Give the records again in full, exactly as they are.

__________

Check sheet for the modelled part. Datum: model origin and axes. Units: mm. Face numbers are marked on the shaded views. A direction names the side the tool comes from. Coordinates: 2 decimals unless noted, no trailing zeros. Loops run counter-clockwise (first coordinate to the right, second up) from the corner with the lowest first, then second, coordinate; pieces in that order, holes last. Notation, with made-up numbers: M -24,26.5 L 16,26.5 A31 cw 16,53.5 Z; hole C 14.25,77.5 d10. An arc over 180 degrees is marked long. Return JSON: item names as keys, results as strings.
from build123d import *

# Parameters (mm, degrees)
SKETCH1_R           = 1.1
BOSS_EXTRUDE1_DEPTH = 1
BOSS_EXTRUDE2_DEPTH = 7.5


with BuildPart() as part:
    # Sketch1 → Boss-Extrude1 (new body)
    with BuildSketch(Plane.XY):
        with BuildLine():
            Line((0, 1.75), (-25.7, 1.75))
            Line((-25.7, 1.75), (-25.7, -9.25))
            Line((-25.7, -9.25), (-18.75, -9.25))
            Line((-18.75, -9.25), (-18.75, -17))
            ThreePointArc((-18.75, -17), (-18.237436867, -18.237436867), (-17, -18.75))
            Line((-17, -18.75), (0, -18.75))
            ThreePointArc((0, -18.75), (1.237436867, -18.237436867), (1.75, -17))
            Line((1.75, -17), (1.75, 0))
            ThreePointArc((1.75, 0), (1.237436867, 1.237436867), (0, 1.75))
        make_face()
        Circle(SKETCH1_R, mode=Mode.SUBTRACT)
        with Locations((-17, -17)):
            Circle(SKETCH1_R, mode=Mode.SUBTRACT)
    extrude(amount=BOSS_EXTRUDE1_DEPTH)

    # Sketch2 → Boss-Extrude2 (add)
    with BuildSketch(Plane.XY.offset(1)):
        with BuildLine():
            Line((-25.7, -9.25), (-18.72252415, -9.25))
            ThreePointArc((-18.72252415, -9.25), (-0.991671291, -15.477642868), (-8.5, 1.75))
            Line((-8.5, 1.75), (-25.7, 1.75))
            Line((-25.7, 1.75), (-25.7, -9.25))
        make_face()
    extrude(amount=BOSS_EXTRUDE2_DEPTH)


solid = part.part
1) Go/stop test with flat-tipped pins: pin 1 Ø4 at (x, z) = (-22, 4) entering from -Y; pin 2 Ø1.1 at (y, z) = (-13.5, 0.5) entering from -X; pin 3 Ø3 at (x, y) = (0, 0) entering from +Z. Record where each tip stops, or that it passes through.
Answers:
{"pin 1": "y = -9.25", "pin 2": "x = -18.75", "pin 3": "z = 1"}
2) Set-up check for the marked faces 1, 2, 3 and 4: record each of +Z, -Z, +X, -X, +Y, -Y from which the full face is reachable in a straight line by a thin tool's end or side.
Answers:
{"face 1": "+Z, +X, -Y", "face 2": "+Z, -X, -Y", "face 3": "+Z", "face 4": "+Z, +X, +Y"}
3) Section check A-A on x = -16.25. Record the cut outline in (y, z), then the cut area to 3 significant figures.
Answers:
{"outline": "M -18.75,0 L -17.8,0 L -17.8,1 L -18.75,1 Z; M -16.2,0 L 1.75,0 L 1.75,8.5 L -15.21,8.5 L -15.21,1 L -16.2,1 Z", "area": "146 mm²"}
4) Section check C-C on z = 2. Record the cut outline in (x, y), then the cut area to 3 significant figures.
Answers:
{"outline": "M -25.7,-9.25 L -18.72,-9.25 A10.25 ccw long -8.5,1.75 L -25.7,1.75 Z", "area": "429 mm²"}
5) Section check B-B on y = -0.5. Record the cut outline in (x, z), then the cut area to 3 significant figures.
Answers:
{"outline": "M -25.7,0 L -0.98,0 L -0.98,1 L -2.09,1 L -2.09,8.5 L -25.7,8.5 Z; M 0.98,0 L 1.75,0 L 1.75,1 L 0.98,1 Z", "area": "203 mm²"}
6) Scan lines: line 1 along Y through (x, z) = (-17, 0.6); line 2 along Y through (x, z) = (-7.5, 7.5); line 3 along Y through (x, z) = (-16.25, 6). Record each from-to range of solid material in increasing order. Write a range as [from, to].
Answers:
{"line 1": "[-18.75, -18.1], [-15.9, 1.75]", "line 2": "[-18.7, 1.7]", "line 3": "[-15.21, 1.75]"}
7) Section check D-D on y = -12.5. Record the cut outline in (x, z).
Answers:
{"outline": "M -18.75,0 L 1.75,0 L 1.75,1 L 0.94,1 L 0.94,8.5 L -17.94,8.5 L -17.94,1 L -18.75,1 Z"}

__________

● Answer area
Check sheet for the modelled part. Datum: model origin and axes. Units: mm. Face numbers are marked on the shaded views. A direction names the side the tool comes from. Coordinates: 2 decimals unless noted, no trailing zeros. Loops run counter-clockwise (first coordinate to the right, second up) from the corner with the lowest first, then second, coordinate; pieces in that order, holes last. Notation, with made-up numbers: M -24,26.5 L 16,26.5 A31 cw 16,53.5 Z; hole C 14.25,77.5 d10. An arc over 180 degrees is marked long. Return JSON: item names as keys, results as strings.
from build123d import *

# Parameters (mm, degrees)
SKETCH1_R           = 1.1
BOSS_EXTRUDE1_DEPTH = 1
BOSS_EXTRUDE2_DEPTH = 7.5


with BuildPart() as part:
    # Sketch1 → Boss-Extrude1 (new body)
    with BuildSketch(Plane.XY):
        with BuildLine():
            Line((0, 1.75), (-25.7, 1.75))
            Line((-25.7, 1.75), (-25.7, -9.25))
            Line((-25.7, -9.25), (-18.75, -9.25))
            Line((-18.75, -9.25), (-18.75, -17))
            ThreePointArc((-18.75, -17), (-18.237436867, -18.237436867), (-17, -18.75))
            Line((-17, -18.75), (0, -18.75))
            ThreePointArc((0, -18.75), (1.237436867, -18.237436867), (1.75, -17))
            Line((1.75, -17), (1.75, 0))
            ThreePointArc((1.75, 0), (1.237436867, 1.237436867), (0, 1.75))
        make_face()
        Circle(SKETCH1_R, mode=Mode.SUBTRACT)
        with Locations((-17, -17)):
            Circle(SKETCH1_R, mode=Mode.SUBTRACT)
    extrude(amount=BOSS_EXTRUDE1_DEPTH)

    # Sketch2 → Boss-Extrude2 (add)
    with BuildSketch(Plane.XY.offset(1)):
        with BuildLine():
            Line((-25.7, -9.25), (-18.72252415, -9.25))
            ThreePointArc((-18.72252415, -9.25), (-0.991671291, -15.477642868), (-8.5, 1.75))
            Line((-8.5, 1.75), (-25.7, 1.75))
            Line((-25.7, 1.75), (-25.7, -9.25))
        make_face()
    extrude(amount=BOSS_EXTRUDE2_DEPTH)


solid = part.part
1) Go/stop test with flat-tipped pins: pin 1 Ø4 at (x, z) = (-22, 4) entering from -Y; pin 2 Ø1.1 at (y, z) = (-13.5, 0.5) entering from -X; pin 3 Ø3 at (x, y) = (0, 0) entering from +Z. Record where each tip stops, or that it passes through.
Answers:
{"pin 1": "y = -9.25", "pin 2": "x = -18.75", "pin 3": "z = 1"}
2) Set-up check for the marked faces 1, 2, 3 and 4: record each of +Z, -Z, +X, -X, +Y, -Y from which the full face is reachable in a straight line by a thin tool's end or side.
Answers:
{"face 1": "+Z, +X, -Y", "face 2": "+Z, -X, -Y", "face 3": "+Z", "face 4": "+Z, +X, +Y"}
3) Section check A-A on x = -16.25. Record the cut outline in (y, z), then the cut area to 3 significant figures.
Answers:
{"outline": "M -18.75,0 L -17.8,0 L -17.8,1 L -18.75,1 Z; M -16.2,0 L 1.75,0 L 1.75,8.5 L -15.21,8.5 L -15.21,1 L -16.2,1 Z", "area": "146 mm²"}
4) Section check C-C on z = 2. Record the cut outline in (x, y), then the cut area to 3 significant figures.
Answers:
{"outline": "M -25.7,-9.25 L -18.72,-9.25 A10.25 ccw long -8.5,1.75 L -25.7,1.75 Z", "area": "429 mm²"}
5) Section check B-B on y = -0.5. Record the cut outline in (x, z), then the cut area to 3 significant figures.
Answers:
{"outline": "M -25.7,0 L -0.98,0 L -0.98,1 L -2.09,1 L -2.09,8.5 L -25.7,8.5 Z; M 0.98,0 L 1.75,0 L 1.75,1 L 0.98,1 Z", "area": "203 mm²"}
6) Scan lines: line 1 along Y through (x, z) = (-17, 0.6); line 2 along Y through (x, z) = (-7.5, 7.5); line 3 along Y through (x, z) = (-16.25, 6). Record each from-to range of solid material in increasing order. Write a range as [from, to].
Answers:
{"line 1": "[-18.75, -18.1], [-15.9, 1.75]", "line 2": "[-18.7, 1.7]", "line 3": "[-15.21, 1.75]"}
7) Section check D-D on y = -12.5. Record the cut outline in (x, z).
Answers:
{"outline": "M -18.75,0 L 1.75,0 L 1.75,1 L 0.94,1 L 0.94,8.5 L -17.94,8.5 L -17.94,1 L -18.75,1 Z"}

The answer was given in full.